Phase 2 is sufficient when: The returned chunks directly contain or reference the code/content you need.
Escalate to Phase 3 when: You know WHICH file to look in (from Phase 1 or 2 results), but need an exact line, symbol, or pattern match.
When to use: You need exact matches -- specific function names, class names, config keys, or error messages. Scope searches to files identified in previous phases.
The concept: Precise keyword or regex search across the filesystem.

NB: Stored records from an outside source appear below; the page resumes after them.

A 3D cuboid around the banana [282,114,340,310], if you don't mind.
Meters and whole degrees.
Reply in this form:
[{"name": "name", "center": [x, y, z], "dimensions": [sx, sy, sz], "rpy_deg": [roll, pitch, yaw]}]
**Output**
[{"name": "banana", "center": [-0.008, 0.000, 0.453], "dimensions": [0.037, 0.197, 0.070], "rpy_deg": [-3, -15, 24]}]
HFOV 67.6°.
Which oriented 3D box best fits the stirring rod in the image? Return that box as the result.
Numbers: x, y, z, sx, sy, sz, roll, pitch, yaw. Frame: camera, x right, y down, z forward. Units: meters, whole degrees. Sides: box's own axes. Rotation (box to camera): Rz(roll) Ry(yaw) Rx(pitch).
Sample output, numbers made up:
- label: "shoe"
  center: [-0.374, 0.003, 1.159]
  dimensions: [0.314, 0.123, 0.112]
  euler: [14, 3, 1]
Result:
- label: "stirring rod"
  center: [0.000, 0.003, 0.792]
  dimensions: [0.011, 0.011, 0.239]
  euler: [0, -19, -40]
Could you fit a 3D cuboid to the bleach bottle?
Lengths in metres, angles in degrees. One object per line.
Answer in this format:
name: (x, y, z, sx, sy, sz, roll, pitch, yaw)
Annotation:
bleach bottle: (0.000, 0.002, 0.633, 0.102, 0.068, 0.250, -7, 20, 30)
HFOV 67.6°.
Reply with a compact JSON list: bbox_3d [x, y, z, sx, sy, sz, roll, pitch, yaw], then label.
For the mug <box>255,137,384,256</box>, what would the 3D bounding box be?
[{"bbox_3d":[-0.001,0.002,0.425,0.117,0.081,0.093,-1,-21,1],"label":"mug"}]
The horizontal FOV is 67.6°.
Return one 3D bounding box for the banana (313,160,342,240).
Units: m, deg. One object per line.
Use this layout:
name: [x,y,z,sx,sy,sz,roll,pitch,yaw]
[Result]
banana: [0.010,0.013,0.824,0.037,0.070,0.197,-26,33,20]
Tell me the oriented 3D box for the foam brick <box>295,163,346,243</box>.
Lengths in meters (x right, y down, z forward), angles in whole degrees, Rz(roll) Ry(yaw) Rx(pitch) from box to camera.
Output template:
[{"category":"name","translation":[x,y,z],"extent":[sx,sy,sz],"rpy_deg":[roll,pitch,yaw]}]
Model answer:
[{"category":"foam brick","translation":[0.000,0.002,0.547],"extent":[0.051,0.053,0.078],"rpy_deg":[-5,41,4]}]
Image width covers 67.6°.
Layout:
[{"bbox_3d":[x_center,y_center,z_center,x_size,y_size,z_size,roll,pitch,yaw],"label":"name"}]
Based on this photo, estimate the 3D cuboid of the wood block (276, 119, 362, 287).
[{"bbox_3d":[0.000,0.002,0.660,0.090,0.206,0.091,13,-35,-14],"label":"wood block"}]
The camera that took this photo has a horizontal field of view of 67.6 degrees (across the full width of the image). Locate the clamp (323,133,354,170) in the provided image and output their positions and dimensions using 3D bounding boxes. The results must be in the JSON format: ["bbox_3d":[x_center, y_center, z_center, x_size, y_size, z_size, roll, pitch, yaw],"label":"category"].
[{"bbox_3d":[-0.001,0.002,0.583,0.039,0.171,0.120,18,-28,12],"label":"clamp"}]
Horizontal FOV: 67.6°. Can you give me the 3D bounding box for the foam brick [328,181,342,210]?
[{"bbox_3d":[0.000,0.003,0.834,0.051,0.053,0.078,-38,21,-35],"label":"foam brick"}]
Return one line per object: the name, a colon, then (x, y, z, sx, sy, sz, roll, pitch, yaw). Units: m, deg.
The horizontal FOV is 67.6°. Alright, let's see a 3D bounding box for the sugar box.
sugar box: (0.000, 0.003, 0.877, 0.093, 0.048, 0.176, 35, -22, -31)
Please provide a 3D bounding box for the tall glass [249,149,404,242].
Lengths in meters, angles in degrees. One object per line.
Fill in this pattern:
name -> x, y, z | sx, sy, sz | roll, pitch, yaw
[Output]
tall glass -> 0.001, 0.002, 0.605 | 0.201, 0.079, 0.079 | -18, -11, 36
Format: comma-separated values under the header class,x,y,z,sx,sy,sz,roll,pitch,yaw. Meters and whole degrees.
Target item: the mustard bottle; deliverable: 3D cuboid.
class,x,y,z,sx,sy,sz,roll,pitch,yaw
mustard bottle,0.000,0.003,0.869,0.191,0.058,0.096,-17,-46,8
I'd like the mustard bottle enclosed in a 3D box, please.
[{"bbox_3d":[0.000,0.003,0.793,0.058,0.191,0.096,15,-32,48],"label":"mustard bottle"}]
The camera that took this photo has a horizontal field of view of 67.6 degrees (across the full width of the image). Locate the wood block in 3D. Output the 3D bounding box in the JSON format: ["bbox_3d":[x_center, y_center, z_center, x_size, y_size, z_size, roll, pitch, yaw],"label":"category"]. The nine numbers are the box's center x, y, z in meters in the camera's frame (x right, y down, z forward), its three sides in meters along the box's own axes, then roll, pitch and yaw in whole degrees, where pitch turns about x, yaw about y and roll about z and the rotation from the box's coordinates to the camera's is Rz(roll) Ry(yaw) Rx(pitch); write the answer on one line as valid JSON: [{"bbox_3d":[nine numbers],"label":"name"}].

Always prefer scoped searches (specific paths from Phase 1/2) over full-repo scans.
# Scoped search (preferred -- use paths from Phase 1 or 2)
grep_search "VectorDBOperations" \
./scripts/
# Ripgrep for regex patterns
rg "def query" ../../ --type py
# Find specific config key
rg "chroma_host" plugins/ -l
Phase 3 is sufficient when: You have the exact file and line containing what you need.
The diagrams below document the system this skill operates in:
| Diagram | What It Shows |
|---|---|
| search_process.mmd | Full 3-phase sequence diagram |
| rlm-factory-architecture.mmd | RLM vs Vector DB query routing |
| rlm-factory-dual-path.mmd | Dual-path Super-RAG context injection |
START: I need to find something in the codebase
|
v
[Phase 1] query_cache.py -- "what does X do?"
|
+-- Summary found + sufficient? --> USE IT. Done.
|
+-- No summary / insufficient detail?
|
v
[Phase 2] vector-db:vector-db-search -- "find code for X"
|
+-- Chunks found + sufficient? --> USE THEM. Done.
|
+-- Need exact line / symbol?
|
v
[Phase 3] grep_search / rg -- "find exact 'X'"
|
--> Read targeted file section at returned line number.
inventory.py --missing to check coverage before assuming a file is not indexed.